| ABCNews.com
Nov. 25 — Michael Jackson might say he loves children, but the 12-year-old boy who has accused the pop star of molesting him can expect to see a different side of the singer, according to a private detective who worked for the family of a boy who accused Jackson of molesting him a decade ago.
"They will terrorize the family and investigators and anybody who goes against Michael Jackson will be terrorized," private detective Ernie Rizzo said today on ABCNEWS' Good Morning America. "They do things you wouldn't believe to try and get Jackson off the hook."
In another development, Jackson's lawyer pledged to "unleash a legal torrent like you've never seen" on anyone who tried to smear the star's reputation for profit.
Rizzo said people working for Jackson bugged his car, tapped the telephone of Court TV reporter Diane Dimond and would even have people at news conferences hit him or others as they were trying to talk to reporters about the case.
But most of the effort will be directed at the accuser and his family, Rizzo said.
"Michael Jackson has been able to pull the game off so long because they come at you with hands, feet, and fists," the private detective said. "They will spend millions to embarrass you, insult you. And I feel sorry for this little boy and the family because in the next couple of years, before this trial goes to court, you're going to hear things that are horrible because they try and poison jury pools."
Meanwhile, an attorney who represented the mother of Jackson's alleged victim in her divorce told The Associated Press the family never said anything to him about the boy having been sexually abused by the singer.
Attorney Michael Manning told the AP that the last time he and the woman spoke at all about Jackson, in April or May, she was very positive about the singer.

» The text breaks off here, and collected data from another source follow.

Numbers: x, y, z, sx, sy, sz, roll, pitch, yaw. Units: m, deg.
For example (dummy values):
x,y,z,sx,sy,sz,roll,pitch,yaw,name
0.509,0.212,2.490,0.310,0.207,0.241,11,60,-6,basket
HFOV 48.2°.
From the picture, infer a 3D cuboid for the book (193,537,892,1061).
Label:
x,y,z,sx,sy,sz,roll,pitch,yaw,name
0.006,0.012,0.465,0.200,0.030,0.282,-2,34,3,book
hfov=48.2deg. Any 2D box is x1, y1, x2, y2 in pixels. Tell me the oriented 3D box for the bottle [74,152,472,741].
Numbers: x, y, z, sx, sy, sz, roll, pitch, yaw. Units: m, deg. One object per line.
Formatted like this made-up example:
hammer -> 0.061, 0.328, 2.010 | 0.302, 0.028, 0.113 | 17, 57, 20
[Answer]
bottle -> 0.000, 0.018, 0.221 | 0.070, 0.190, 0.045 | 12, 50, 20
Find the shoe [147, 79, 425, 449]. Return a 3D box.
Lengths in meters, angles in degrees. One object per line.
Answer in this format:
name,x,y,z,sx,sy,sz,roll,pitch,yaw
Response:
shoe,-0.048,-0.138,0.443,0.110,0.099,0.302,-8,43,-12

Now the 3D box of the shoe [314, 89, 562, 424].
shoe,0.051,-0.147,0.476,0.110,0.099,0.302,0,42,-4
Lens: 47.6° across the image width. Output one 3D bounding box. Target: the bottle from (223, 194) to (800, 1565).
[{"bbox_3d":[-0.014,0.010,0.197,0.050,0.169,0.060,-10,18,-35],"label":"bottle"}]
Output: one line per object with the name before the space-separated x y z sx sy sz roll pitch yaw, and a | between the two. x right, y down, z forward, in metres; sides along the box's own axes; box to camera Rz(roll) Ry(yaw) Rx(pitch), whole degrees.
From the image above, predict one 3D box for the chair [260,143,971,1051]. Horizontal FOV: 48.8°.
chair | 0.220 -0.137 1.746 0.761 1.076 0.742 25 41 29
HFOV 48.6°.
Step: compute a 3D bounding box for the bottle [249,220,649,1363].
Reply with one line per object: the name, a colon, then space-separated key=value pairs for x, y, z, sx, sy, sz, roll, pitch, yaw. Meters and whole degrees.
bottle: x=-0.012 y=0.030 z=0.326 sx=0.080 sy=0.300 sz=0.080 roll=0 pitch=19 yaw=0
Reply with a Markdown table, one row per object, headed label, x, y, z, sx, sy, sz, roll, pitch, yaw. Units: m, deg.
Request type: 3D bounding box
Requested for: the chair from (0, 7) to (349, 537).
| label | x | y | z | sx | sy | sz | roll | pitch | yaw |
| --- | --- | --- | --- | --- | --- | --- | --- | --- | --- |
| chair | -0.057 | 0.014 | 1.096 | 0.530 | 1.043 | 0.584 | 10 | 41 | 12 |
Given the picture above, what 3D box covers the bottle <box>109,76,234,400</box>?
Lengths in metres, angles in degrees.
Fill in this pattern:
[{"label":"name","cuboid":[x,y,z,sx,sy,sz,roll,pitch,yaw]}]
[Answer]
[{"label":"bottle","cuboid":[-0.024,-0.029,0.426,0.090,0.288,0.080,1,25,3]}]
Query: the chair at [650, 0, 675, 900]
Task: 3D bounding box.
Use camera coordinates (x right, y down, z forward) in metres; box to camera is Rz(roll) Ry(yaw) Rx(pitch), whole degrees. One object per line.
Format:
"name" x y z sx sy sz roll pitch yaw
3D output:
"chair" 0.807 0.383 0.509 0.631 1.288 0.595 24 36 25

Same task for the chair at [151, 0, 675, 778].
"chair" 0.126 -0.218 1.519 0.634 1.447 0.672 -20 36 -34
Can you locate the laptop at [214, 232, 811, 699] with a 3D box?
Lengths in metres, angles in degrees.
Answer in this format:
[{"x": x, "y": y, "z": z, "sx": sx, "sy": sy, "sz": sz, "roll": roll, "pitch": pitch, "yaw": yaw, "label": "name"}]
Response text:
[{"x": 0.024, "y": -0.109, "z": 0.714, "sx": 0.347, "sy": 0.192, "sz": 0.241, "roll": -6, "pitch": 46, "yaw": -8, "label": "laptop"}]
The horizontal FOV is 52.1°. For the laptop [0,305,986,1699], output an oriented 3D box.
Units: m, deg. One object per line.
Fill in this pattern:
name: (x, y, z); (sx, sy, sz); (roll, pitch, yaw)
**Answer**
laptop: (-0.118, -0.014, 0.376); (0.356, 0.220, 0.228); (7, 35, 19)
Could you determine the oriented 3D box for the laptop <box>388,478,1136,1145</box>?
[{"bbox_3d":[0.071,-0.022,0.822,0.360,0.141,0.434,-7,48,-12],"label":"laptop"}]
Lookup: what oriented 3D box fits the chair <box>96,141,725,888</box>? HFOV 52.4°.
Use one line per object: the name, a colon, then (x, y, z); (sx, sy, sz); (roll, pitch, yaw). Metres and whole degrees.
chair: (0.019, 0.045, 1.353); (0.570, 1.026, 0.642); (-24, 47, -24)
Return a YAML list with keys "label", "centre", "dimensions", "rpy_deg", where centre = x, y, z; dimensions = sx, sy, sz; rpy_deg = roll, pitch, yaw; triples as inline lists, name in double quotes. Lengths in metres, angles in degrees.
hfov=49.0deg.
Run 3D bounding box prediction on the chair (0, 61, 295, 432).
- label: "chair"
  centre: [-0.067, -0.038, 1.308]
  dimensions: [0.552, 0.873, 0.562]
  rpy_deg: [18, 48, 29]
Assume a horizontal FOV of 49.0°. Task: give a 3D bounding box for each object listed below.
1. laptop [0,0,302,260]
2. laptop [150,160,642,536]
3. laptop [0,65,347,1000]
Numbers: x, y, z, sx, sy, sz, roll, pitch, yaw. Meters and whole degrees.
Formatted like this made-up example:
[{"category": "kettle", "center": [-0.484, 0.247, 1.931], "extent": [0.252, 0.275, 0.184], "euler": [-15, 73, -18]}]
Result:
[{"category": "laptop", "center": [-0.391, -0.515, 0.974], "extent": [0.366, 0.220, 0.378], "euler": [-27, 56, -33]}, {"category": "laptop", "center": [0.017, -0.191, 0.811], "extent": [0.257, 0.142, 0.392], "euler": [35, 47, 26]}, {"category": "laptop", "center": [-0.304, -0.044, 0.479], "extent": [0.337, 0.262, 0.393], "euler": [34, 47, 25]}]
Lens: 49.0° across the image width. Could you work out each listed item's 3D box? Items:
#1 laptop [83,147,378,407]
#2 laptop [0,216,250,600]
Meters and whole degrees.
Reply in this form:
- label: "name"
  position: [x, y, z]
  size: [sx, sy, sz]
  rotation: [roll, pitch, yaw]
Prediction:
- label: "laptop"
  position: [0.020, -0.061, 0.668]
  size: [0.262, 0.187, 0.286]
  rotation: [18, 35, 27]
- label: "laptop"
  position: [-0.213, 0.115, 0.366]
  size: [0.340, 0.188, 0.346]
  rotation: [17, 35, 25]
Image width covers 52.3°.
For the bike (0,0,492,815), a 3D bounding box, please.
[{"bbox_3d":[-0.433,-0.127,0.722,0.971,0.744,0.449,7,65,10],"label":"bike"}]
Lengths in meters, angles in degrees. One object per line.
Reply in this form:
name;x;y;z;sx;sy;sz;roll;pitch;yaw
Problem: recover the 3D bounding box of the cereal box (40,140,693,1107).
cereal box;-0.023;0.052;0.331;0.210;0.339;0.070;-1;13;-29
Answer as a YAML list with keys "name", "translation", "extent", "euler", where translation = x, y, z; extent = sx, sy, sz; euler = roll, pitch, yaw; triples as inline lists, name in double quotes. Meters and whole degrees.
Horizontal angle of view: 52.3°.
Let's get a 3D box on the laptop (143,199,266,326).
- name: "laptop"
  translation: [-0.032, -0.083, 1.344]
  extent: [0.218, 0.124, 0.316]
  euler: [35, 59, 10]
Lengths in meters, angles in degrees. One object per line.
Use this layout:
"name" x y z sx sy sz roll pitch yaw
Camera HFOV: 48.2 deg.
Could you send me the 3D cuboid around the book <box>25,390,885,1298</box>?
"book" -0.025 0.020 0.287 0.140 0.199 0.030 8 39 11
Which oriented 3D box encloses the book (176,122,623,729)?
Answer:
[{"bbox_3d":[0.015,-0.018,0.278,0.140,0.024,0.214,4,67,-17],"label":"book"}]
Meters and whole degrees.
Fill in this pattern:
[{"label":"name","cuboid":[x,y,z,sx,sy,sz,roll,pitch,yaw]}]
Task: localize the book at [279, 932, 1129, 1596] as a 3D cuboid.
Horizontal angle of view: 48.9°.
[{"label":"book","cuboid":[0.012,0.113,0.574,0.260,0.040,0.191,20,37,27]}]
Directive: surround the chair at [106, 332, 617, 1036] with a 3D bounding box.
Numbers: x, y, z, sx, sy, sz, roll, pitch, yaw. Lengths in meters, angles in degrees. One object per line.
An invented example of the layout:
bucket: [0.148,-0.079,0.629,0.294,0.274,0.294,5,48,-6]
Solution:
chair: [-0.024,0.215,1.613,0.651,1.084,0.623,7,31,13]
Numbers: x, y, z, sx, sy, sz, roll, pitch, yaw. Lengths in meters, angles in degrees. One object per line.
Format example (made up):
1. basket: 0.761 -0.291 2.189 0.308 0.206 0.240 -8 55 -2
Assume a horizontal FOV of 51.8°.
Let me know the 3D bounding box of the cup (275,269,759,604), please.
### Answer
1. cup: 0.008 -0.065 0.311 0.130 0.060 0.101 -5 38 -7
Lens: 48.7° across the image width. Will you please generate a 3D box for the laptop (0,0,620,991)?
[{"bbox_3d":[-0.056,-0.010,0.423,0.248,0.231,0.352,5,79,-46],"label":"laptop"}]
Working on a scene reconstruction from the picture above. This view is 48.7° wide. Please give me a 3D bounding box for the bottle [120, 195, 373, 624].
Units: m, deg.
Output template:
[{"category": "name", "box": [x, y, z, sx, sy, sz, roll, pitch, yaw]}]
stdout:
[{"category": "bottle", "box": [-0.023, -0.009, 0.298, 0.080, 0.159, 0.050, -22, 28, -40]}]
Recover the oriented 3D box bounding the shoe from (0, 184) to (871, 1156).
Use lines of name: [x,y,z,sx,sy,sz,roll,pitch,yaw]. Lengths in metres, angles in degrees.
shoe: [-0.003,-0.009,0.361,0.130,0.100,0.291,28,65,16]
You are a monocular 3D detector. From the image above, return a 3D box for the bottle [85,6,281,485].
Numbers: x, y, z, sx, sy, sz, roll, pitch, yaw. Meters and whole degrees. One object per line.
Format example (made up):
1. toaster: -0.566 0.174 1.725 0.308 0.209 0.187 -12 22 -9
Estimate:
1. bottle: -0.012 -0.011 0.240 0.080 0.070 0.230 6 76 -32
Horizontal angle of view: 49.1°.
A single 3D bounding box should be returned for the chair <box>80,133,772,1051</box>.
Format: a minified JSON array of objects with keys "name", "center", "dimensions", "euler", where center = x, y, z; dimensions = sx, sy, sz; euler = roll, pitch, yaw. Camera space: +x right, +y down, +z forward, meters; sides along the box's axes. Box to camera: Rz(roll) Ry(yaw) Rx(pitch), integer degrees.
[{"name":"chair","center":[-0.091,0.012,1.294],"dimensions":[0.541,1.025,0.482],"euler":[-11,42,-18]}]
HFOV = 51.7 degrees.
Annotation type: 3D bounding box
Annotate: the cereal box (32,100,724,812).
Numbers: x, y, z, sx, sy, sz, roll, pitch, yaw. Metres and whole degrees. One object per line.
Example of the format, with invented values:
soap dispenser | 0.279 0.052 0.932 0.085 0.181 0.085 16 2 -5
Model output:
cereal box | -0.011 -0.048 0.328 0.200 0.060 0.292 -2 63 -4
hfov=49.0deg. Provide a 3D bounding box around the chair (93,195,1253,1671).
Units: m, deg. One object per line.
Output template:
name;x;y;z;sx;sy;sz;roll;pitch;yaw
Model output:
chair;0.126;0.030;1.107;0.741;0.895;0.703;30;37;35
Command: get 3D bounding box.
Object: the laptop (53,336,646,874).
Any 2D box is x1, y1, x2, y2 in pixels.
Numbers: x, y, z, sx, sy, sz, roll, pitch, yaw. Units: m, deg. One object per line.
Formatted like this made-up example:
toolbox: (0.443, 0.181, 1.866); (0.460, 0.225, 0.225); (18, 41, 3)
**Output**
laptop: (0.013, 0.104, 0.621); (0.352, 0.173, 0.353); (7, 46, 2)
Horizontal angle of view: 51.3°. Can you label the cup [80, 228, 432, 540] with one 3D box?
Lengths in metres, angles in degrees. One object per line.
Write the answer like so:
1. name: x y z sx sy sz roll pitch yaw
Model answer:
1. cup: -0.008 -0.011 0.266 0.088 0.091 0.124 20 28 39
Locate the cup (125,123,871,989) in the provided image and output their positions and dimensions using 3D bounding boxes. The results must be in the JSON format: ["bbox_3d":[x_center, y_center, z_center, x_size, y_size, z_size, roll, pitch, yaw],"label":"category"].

He said he has not spoken to her since late May or June, though.
"'He was really good to us' — that's what she said at the time," Manning said. "If it turned sour, I don't know how."
The woman rarely mentioned the family's visits to Jackson's Neverland Ranch, though, the lawyer told the AP.
"They didn't brag about it," he said. "They weren't star crazy."
The district attorney in the current case has said that when accusations were made against Jackson in 1993, the case never went to trial because the boy's family accepted a settlement and stopped cooperating with prosecutors. (Jackson was never charged and has denied the allegations.)
Rizzo disputed the district attorney's version of events, saying the family only accepted the millions of dollars Jackson offered to settle a civil suit brought against him after the district attorney delayed filing charge against the pop star.
And all the while, Rizzo claimed, a campaign of harassment was carried out against the boy and his family.
"The district attorney then kept dragging his feet," Rizzo said. "Weeks turned to months, months to a year. Jackson was waving a $20 million cashier's check. [The boy's father] had problems in California. The kid was laughed out of school. He [the father] lost his dental practice. They took the money and left. That was probably the best thing at the time. They were run out of California because of Jackson."
If the current case does go to trial, the tactic that Rizzo accuses Jackson of could work against him, the private detective said.
"This is going to be a double-edged sword for Michael Jackson," he said. "On the one hand he talks about how he loves children. But his attorney now is going to have to eat this kid up alive on the witness stand. … They have to be very careful how they play this. If they eat the kid up on the witness stand it's going to look very bad for Michael Jackson, but that's the only way they're going to try and win this case is discredit the child."